Eu peço ajuda a vocês. Como soluciono este problema, uma vez que muitas Davis registram as rajadas no wunderground?

Agradeço desde já, direto do Brasil


----------



## Mário Barros (2 Nov 2010 às 22:41)

Isso só pode ter a ver com a configuração do software.


----------



## Lucas Fumagalli (3 Nov 2010 às 00:10)

Mas eu já analisei todas as configurações e não consigo fazer com que as rajadas de vento sejam transmitidas para o wunderground!


----------



## Mário Barros (3 Nov 2010 às 00:38)

Mas no software aparecem as rajadas ?


----------



## Lucas Fumagalli (3 Nov 2010 às 01:24)

Amigo, estas são as telas que tenho acesso, no software:


























E nada de registrar as rajadas no wunderground. Parece também que os dados não estão sendo salvos no computador!!!


----------



## geoair.pt (3 Nov 2010 às 16:34)

Viva!
Comigo acontece algo semelhante na minha VP2+Weatherlink e o wunderground: não aparecem os dados da rajada de vento respeitantes ao periódo em que o pc/internet estão off e tenho de fazer o upload do log para o wunderground.
Por exemplo, ontem o pc e/ou internet estiveram off entre as 08h e as 18.20h http://www.wunderground.com/weatherstation/WXDailyHistory.asp?ID=ILISBOAL7&month=11&day=2&year=2010 e em  durante esse período não aparecem os dados da rajada de vento, mas nos dados do log no software do weatherlink essa informação aparece...
É suposto isto acontecer?
Cumps

PS.:Sorry pelo sequestro do tópico


----------



## Lucas Fumagalli (2 Fev 2011 às 18:42)

Pessoa, para quem tem Davis Vantage Pro 2.
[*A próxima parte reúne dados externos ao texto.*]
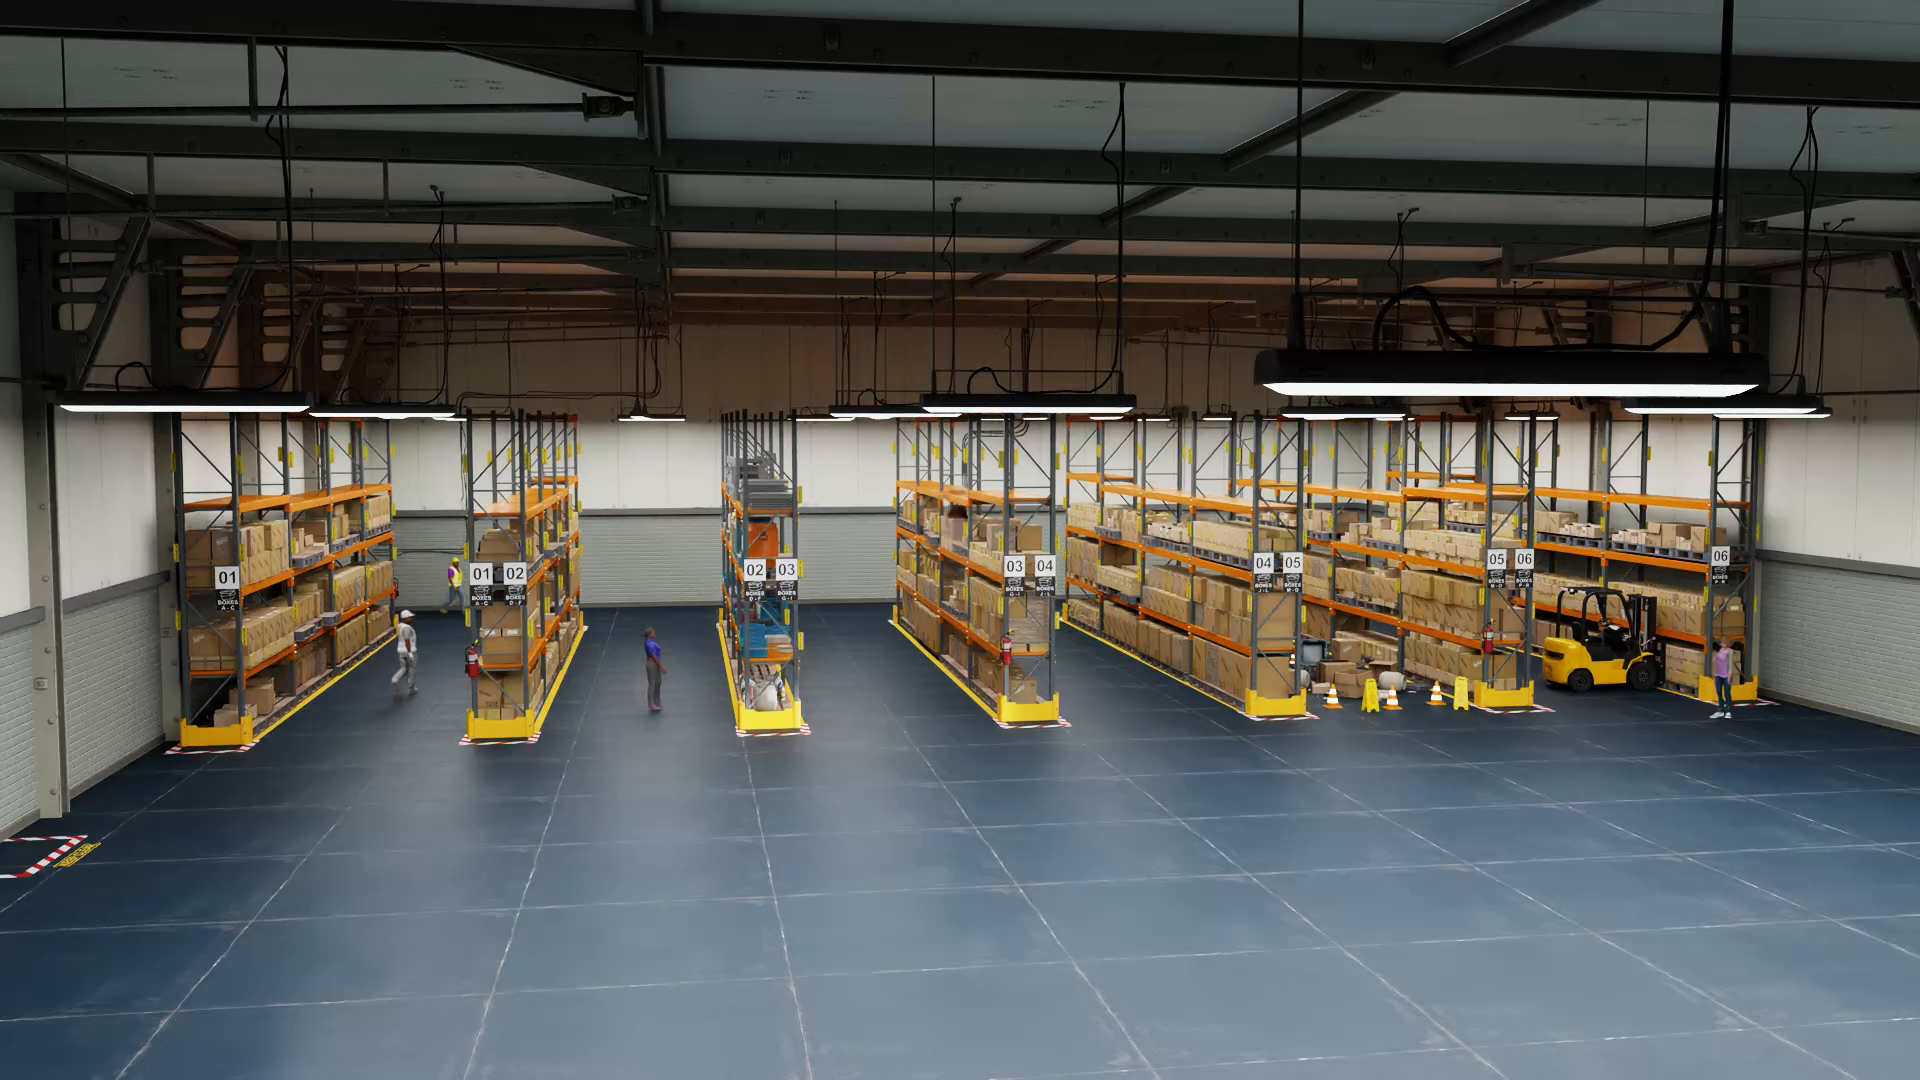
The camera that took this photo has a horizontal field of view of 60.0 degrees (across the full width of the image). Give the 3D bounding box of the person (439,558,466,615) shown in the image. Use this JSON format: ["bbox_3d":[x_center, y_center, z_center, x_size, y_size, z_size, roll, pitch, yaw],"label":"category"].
[{"bbox_3d":[-15.130,1.393,49.874,0.982,1.732,0.641,1,4,9],"label":"person"}]

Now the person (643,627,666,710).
[{"bbox_3d":[-6.103,2.590,33.395,0.509,1.675,0.535,0,4,6],"label":"person"}]

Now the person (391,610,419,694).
[{"bbox_3d":[-11.741,2.371,35.168,0.512,1.777,0.669,2,4,26],"label":"person"}]

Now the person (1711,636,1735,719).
[{"bbox_3d":[14.865,2.673,32.359,0.359,1.621,0.485,-2,4,-24],"label":"person"}]
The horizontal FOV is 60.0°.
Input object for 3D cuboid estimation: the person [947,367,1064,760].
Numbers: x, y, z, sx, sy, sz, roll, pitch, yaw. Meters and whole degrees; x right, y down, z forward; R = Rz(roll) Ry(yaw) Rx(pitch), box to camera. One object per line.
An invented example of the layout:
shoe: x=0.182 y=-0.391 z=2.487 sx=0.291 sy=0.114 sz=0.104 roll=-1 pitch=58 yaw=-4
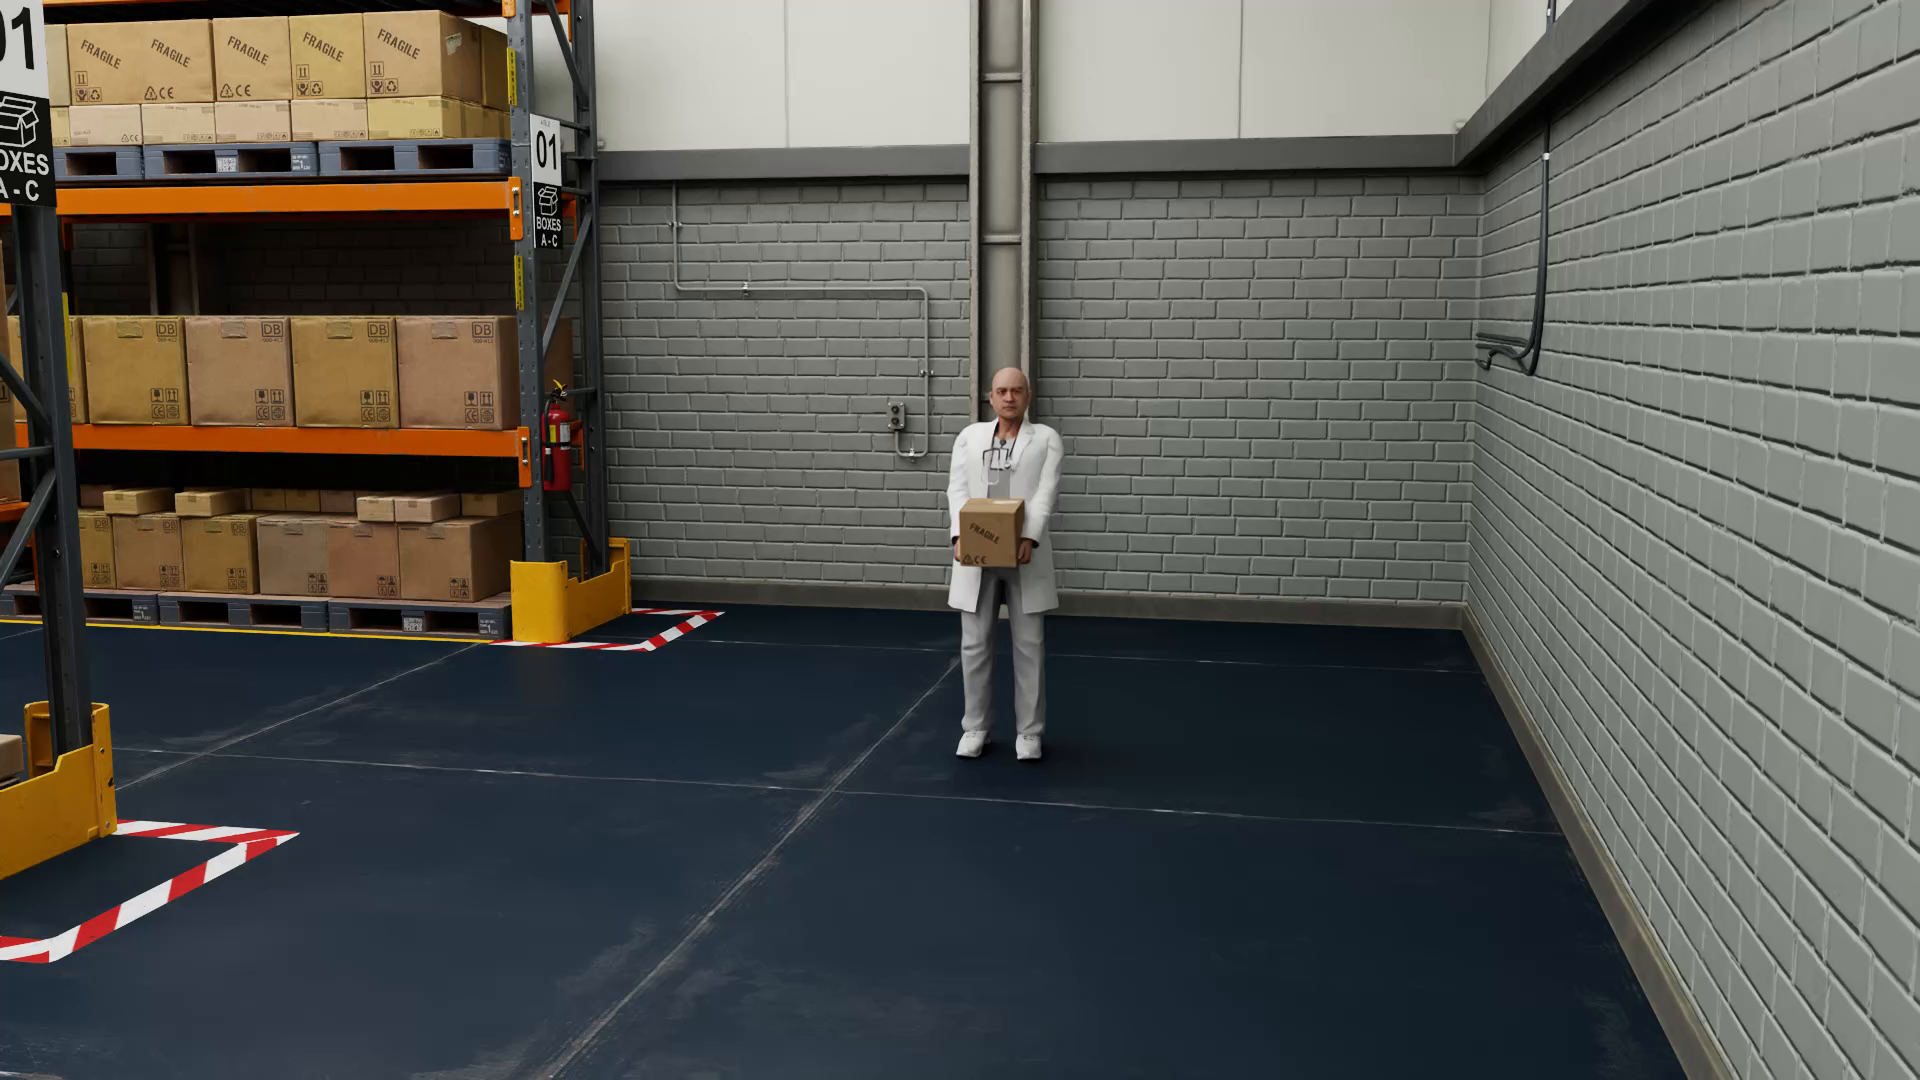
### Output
person: x=0.188 y=0.115 z=7.539 sx=0.526 sy=1.777 sz=0.543 roll=2 pitch=8 yaw=12
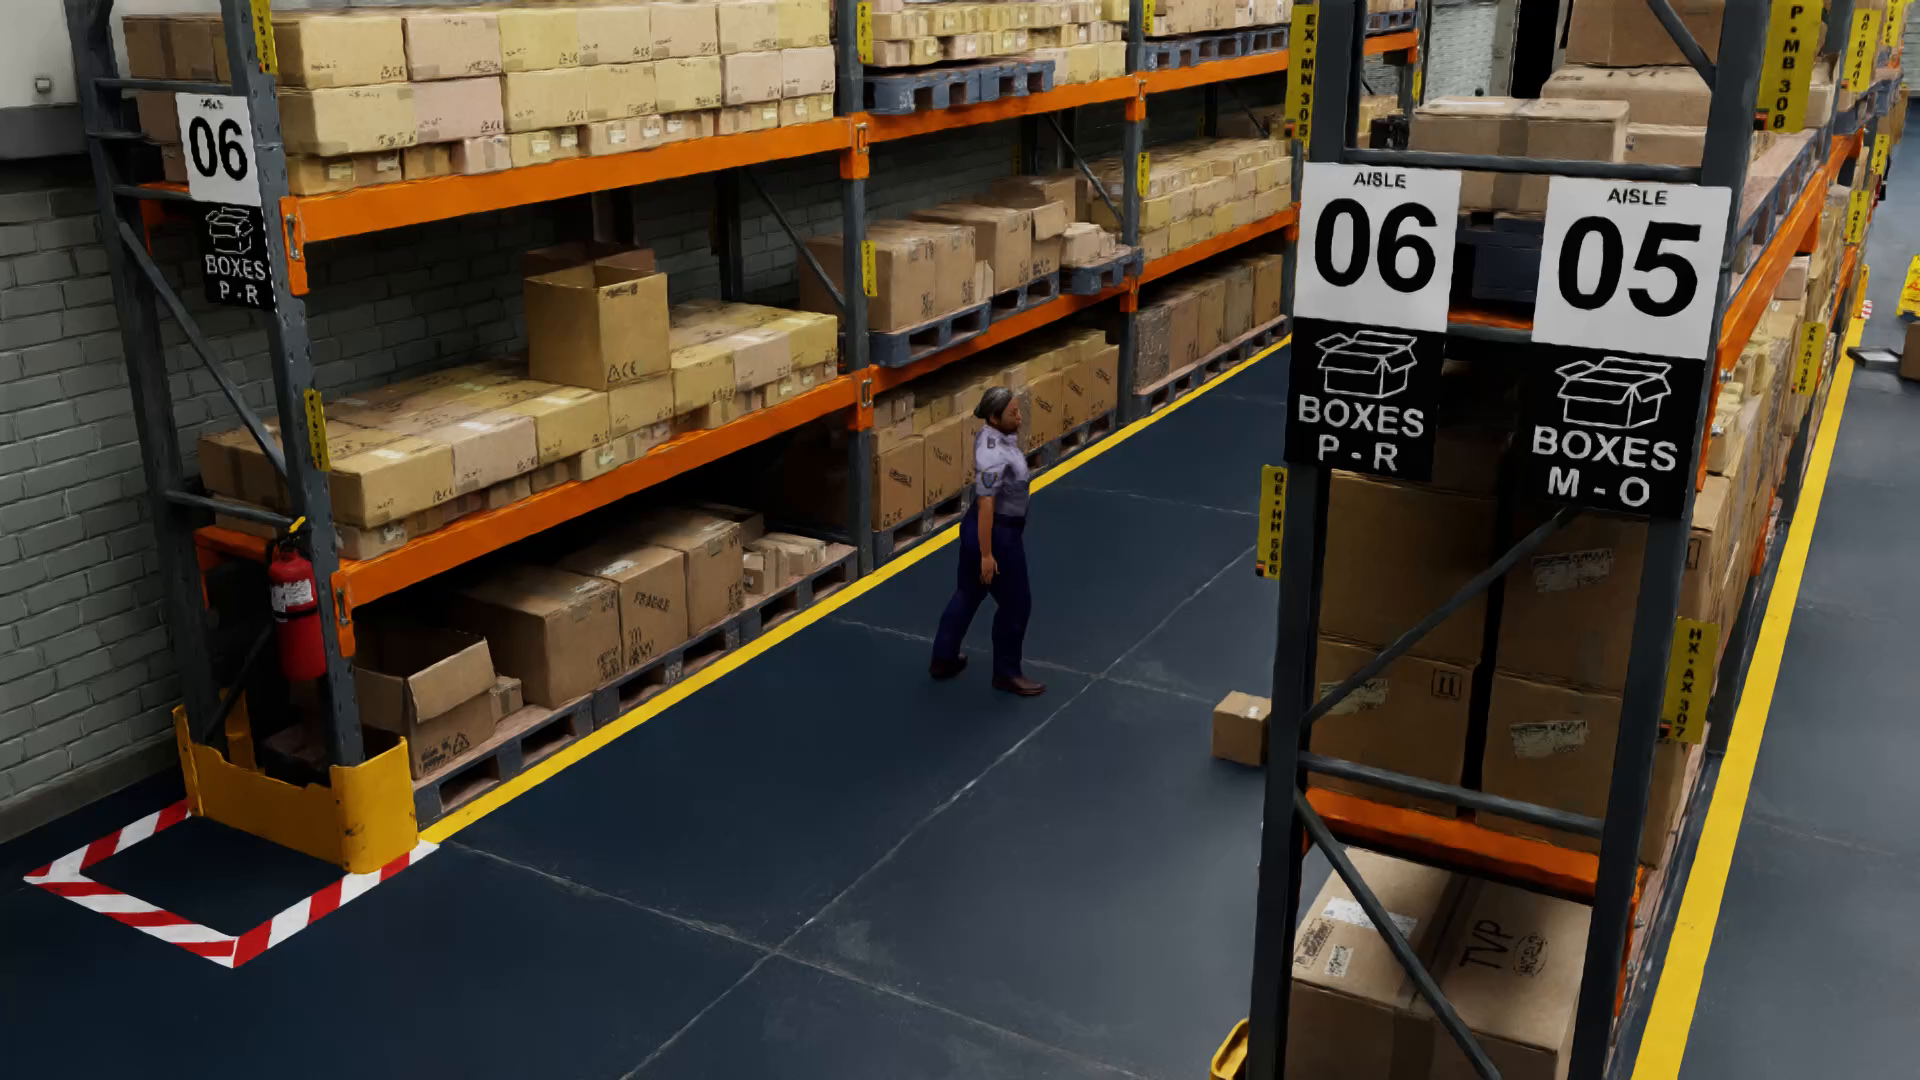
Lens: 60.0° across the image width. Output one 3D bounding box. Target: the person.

Por conta do vento o poste da minha estação está balançando. Ontem ela registrou rajadas de 42km/h e balançou muito. Será que o fato da estação balançar pode interferir negativamente no valor das rajadas de vento?

Abraço!


----------



## lsalvador (2 Fev 2011 às 19:21)

Lucas Fumagalli disse:


> Pessoa, para quem tem Davis Vantage Pro 2.
> 
> Por conta do vento o poste da minha estação está balançando. Ontem ela registrou rajadas de 42km/h e balançou muito. Será que o fato da estação balançar pode interferir negativamente no valor das rajadas de vento?
> 
> Abraço!



Oi, sim pq ao vibrar não vai conseguir "rodar" em condições, vais ter de espigar o mastro. Boa sorte.

Nota : Pelas fotos que vi agora, não contou chuva?


----------



## Lucas Fumagalli (3 Fev 2011 às 12:54)

Acho que amarrando o poste com cabos ele irá parar de balançar.
Noto que algumas rajadas são fortes, mas são poucas as vezes que a davis registra vento acima de 40km/h, talvez por causa desta condição!!!!!


----------